Different environments and seasonal changes affect the regulation of sleep. It is generally believed that it is advisable to go to bed late and get up early in spring and summer (about 5-7 hours of sleep every day), to go to bed early and get up early in autumn (about 7-8 hours of sleep every day) and to go to bed early and get up late in winter (about 8-9 hours of sleep every day). This combines the four seasons growth collection method. In sunny days, people usually sleep for a short time, and in bad weather, people usually sleep for a long time. With the increase of regional altitude, the average person's sleep time is slightly reduced. With the increase of latitude, the average person sleeps a little longer.

Sleep quality standard

In the Eastern Jin Dynasty, was there a picture of immortals in Zhang Zhan's Health Collection? It is forbidden to lie down for a long time. ,? No more sleep, god let go? . Think? Does it hurt to lie down for a long time? , make the sun be the spirit is strong, slack spirit. Therefore, sleeping more may not meet the health requirements.

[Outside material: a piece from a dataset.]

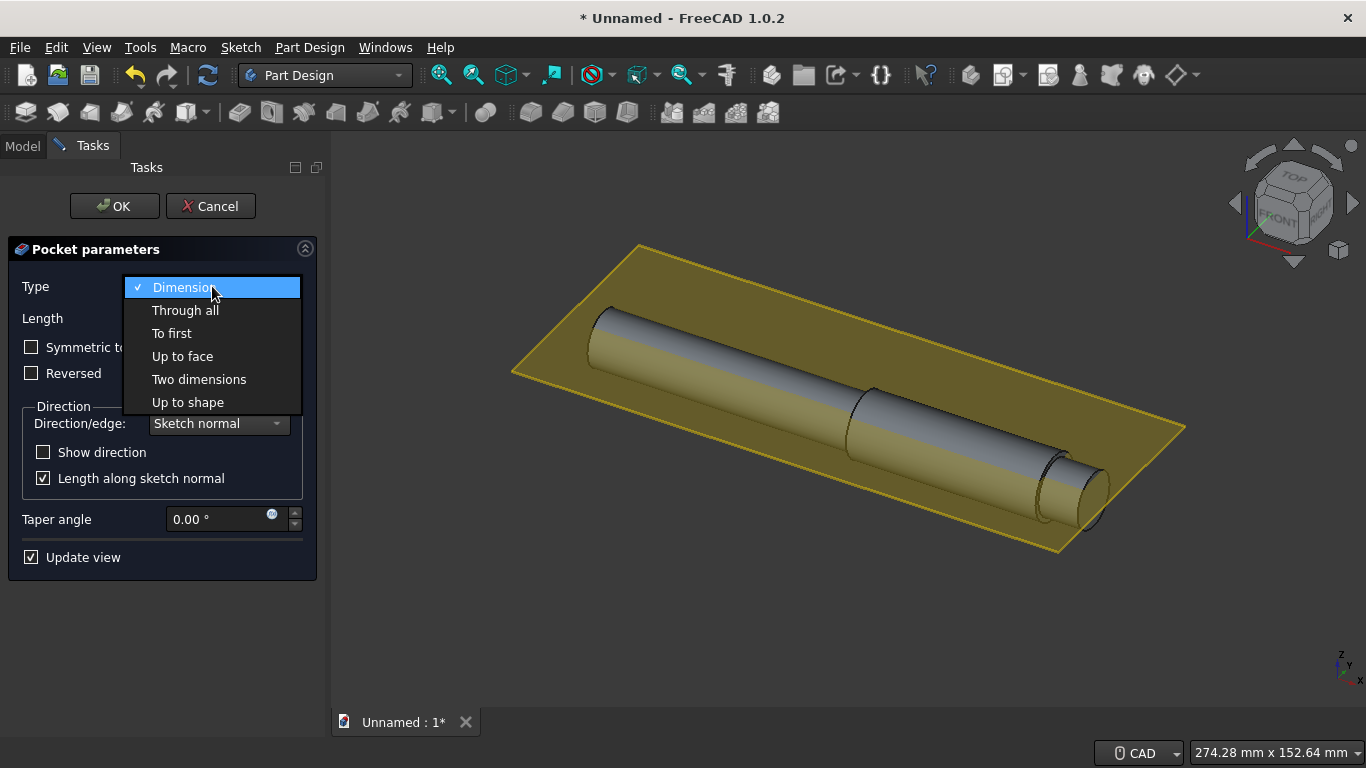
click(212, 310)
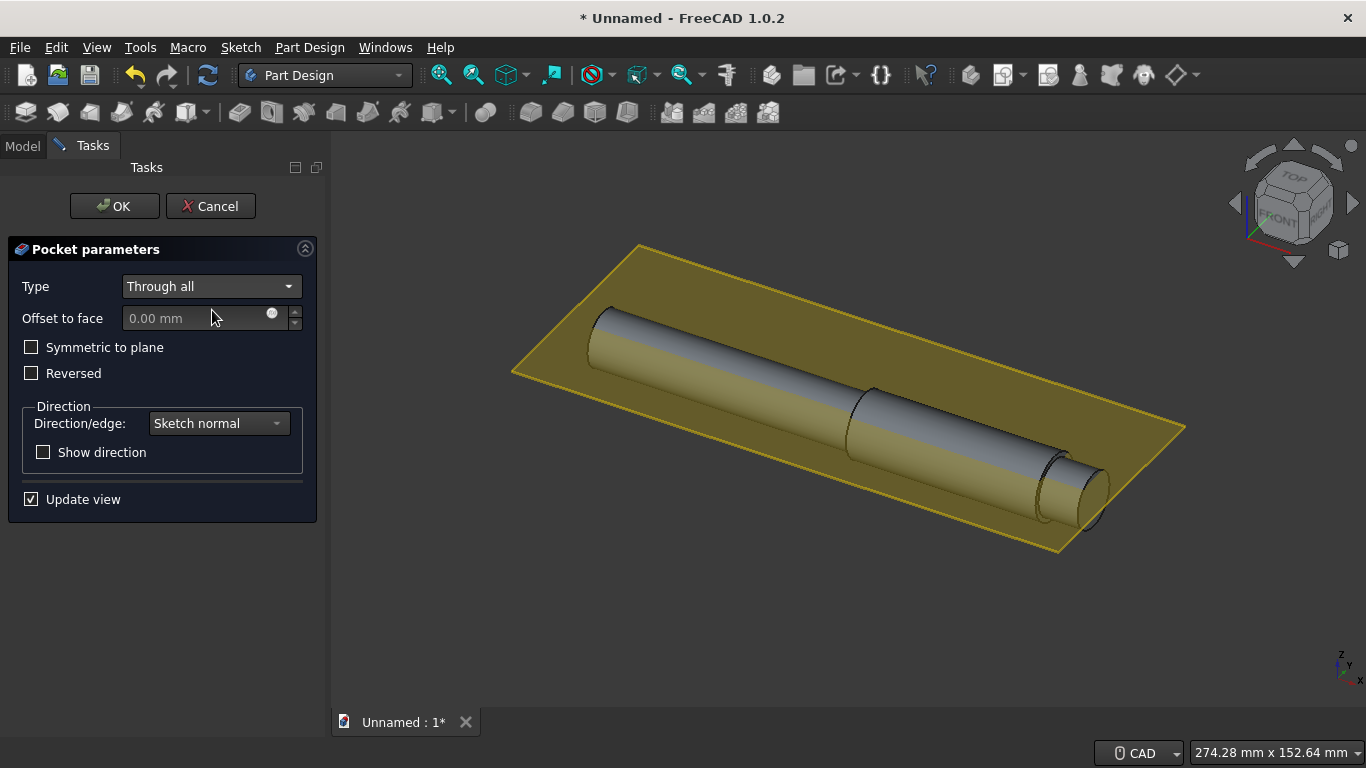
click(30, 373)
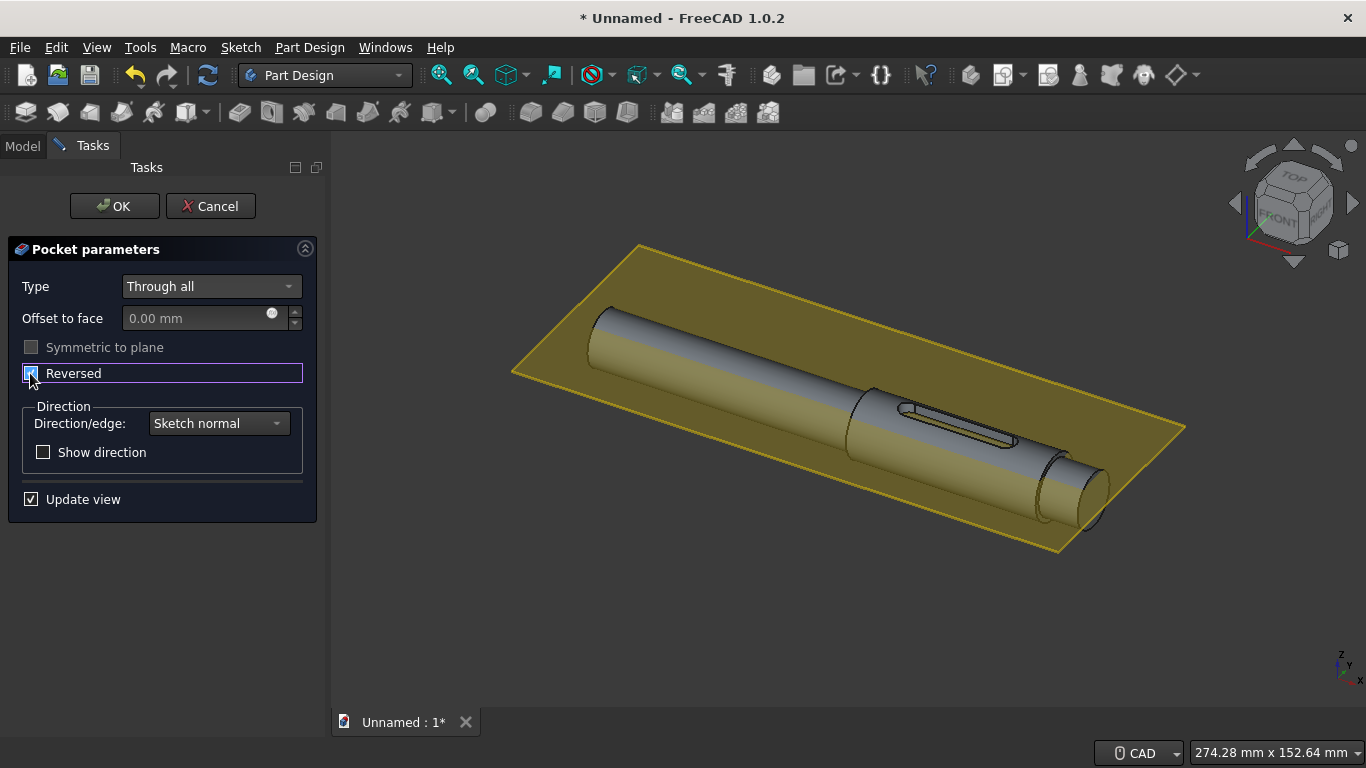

Sleeping too much and falling in love with bed can cause cerebral cortex inhibition and make brain cells hypoxic. In determining whether you get enough sleep, besides quantity requirements, quality requirements are more important. The quality of sleep depends on the depth of sleep and the rate of rapid eye movement. Rapid eye movement plays an important role in improving brain fatigue.

Experiments show that the behavior of cats and mice deprived of heterogeneous sleep will change, such as memory loss and overeating.

According to statistics at home and abroad, the percentage of REM in total sleep is 50% for newborns, 40% for infants, 65,438+08.5% ~ 25% for children, 20% for adolescents, 65,438+08.9% ~ 22% for adults and 65,438+03.8% ~ 65,440 for adults. If the above ratio is not reached, the shallow sleep period in chronic sleep will be compensatory prolonged, and the result is often the feeling of being unable to sleep.

In real life, you can use the following criteria to check whether you have a high-quality sleep:

1 fall asleep quickly. 5 ~ 15 minutes before going to bed;

2 deep sleep. Breathe evenly during sleep, do not snore, and it is not easy to wake up;

③ There is no night. Sleep less dreams, no dreams, less nights;

Get up quickly. Wake up in the morning with light body and good spirit;

⑤ Clear thinking during the day, high work efficiency and no drowsiness. Generally speaking, if the quality of sleep is good, you can sleep less.